• [Material provided]
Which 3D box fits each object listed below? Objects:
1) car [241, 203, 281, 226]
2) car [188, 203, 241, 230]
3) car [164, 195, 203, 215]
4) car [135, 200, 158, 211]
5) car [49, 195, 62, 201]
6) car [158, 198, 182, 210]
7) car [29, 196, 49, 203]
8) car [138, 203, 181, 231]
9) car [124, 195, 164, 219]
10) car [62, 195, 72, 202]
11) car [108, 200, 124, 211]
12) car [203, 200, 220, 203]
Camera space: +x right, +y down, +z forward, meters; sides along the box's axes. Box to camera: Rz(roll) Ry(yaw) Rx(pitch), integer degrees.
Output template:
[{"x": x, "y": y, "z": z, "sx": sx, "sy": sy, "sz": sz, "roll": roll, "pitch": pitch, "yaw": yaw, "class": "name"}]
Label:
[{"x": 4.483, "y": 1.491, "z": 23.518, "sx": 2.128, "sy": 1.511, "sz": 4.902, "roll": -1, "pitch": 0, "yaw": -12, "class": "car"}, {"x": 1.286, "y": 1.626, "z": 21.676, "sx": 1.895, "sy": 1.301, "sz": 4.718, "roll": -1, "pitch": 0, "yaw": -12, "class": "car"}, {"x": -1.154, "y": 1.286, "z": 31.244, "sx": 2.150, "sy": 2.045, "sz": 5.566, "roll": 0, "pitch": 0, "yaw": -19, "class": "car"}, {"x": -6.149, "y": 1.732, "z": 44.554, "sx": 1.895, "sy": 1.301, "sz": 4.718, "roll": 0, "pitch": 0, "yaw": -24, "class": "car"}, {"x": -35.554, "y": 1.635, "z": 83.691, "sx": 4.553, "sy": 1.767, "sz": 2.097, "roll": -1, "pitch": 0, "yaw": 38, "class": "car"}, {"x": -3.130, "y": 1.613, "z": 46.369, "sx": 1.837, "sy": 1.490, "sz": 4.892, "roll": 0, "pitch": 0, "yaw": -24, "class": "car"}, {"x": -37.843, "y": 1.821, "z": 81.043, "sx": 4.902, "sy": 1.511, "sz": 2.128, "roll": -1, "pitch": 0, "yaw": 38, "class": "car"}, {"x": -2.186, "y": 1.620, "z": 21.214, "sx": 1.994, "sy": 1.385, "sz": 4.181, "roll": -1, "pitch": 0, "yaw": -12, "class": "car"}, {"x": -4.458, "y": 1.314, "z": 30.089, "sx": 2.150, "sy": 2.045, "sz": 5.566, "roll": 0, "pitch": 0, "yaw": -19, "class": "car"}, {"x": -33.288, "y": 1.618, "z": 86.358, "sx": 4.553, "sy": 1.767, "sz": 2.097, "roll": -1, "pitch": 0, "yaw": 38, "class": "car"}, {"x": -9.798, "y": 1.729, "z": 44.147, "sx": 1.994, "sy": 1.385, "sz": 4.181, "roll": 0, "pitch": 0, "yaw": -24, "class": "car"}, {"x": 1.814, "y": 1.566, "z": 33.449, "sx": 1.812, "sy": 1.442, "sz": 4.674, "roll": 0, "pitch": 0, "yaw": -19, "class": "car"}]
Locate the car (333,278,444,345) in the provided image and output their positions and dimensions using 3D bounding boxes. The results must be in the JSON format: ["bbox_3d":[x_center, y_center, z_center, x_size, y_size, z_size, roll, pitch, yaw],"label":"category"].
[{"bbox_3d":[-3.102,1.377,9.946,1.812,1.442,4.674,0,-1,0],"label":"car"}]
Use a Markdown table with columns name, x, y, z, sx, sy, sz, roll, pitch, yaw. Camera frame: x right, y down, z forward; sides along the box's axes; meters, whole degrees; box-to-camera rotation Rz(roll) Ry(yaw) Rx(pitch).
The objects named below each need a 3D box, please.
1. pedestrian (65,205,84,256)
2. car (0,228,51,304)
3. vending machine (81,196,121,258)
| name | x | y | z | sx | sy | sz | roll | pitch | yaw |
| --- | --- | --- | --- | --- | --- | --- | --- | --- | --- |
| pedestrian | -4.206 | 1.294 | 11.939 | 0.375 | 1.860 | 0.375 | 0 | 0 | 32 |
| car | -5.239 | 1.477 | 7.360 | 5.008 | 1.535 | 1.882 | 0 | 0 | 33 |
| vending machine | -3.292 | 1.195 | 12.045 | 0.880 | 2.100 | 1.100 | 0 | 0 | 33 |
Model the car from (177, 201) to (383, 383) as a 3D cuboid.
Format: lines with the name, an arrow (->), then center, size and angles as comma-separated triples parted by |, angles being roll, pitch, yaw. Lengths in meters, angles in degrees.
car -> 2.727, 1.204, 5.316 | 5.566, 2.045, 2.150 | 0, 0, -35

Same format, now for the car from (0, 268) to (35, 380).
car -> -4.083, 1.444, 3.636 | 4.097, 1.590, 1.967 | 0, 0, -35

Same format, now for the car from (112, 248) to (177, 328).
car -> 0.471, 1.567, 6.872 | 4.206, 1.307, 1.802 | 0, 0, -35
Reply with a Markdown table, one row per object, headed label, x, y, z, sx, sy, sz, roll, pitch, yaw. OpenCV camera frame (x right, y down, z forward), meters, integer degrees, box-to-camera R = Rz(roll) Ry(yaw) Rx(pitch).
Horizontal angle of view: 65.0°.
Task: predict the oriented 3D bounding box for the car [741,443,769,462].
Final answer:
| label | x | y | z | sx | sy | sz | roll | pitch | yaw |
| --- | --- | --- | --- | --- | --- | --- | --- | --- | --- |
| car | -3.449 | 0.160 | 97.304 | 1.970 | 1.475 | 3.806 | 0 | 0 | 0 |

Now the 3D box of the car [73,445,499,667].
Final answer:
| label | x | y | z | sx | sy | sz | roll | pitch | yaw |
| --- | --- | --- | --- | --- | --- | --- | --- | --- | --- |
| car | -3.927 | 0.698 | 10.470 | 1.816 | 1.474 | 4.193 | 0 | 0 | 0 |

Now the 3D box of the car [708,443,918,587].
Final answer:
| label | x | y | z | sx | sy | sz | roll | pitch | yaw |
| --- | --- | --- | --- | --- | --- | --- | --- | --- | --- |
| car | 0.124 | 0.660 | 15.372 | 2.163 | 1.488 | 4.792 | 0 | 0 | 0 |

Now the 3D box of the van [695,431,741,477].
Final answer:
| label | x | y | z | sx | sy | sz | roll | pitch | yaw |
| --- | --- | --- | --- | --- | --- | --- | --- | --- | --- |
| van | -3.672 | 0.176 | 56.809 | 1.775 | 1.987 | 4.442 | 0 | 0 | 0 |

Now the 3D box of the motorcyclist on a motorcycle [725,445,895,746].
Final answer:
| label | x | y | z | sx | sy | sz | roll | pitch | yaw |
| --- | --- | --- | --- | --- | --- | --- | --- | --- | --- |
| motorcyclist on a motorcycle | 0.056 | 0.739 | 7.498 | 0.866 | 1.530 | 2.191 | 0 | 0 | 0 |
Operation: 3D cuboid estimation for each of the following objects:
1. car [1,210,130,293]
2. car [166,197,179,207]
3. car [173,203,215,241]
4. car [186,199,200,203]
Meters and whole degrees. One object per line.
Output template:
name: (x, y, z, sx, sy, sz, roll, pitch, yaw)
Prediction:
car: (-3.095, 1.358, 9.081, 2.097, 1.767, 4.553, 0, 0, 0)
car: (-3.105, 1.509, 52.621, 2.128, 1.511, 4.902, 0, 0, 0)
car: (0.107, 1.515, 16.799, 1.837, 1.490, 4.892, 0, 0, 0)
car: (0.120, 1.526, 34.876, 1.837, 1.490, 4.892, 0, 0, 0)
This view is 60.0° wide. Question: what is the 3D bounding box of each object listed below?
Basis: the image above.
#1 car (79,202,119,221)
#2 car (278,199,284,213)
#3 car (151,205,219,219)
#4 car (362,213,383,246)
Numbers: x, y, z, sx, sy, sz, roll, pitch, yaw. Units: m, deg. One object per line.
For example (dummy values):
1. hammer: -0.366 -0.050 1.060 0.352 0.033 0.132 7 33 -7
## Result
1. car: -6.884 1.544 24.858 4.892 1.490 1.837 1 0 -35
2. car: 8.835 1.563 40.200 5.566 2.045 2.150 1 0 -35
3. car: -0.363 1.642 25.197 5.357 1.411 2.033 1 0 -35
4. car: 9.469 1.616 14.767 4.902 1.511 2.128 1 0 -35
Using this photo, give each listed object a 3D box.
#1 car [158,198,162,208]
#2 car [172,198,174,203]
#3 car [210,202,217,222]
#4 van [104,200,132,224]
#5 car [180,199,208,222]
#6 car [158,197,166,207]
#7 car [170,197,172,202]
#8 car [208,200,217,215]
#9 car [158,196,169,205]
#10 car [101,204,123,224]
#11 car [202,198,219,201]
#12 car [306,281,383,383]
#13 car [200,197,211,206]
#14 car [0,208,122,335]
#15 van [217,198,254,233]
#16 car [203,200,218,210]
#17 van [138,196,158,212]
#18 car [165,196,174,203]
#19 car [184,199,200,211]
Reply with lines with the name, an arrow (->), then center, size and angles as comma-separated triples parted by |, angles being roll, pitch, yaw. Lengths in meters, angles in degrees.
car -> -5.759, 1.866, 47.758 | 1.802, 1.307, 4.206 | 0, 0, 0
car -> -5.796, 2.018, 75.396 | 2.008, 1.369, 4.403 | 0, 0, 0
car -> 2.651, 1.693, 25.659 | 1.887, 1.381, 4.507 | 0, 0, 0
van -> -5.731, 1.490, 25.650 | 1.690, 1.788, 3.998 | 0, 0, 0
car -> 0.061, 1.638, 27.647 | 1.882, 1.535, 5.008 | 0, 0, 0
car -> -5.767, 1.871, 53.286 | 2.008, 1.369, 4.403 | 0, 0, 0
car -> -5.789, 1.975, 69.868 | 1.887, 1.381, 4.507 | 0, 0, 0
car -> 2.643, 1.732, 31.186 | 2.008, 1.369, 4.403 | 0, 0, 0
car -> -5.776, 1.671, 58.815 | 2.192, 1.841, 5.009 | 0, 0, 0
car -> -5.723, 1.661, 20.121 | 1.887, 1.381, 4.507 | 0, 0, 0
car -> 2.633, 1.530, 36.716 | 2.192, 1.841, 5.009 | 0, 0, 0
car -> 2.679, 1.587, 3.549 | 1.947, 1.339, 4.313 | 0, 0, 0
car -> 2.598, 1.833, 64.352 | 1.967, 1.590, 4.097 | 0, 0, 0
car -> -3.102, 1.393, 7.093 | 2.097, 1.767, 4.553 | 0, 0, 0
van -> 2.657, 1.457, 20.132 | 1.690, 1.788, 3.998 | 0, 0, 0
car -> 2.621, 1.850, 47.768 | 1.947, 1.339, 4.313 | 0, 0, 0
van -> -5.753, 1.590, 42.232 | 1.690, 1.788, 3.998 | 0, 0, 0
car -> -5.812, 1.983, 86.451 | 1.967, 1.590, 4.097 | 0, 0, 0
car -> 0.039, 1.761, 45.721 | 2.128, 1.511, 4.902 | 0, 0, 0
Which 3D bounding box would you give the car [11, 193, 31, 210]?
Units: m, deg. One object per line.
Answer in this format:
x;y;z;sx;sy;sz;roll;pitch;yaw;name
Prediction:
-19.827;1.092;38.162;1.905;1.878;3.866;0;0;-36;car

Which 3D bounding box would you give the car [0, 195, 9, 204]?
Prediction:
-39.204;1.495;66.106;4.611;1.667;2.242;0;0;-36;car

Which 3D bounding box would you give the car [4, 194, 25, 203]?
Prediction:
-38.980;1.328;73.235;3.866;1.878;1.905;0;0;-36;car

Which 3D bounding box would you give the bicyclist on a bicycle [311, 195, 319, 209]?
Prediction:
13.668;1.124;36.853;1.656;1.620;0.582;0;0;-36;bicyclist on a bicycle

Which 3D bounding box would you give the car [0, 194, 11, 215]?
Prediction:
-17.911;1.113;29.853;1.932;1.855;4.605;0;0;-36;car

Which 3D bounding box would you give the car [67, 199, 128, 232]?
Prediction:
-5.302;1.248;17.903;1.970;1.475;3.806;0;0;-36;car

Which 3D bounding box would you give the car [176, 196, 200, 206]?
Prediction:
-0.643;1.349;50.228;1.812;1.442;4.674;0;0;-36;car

• [What needs to be done] Each line in the records that carries "listed" must be copied out.

• [Answer area]
Which 3D box fits each object listed below? Objects:
This view is 60.0° wide. Question: what is the 3D bounding box of each object listed below?
Using this photo, give each listed object a 3D box.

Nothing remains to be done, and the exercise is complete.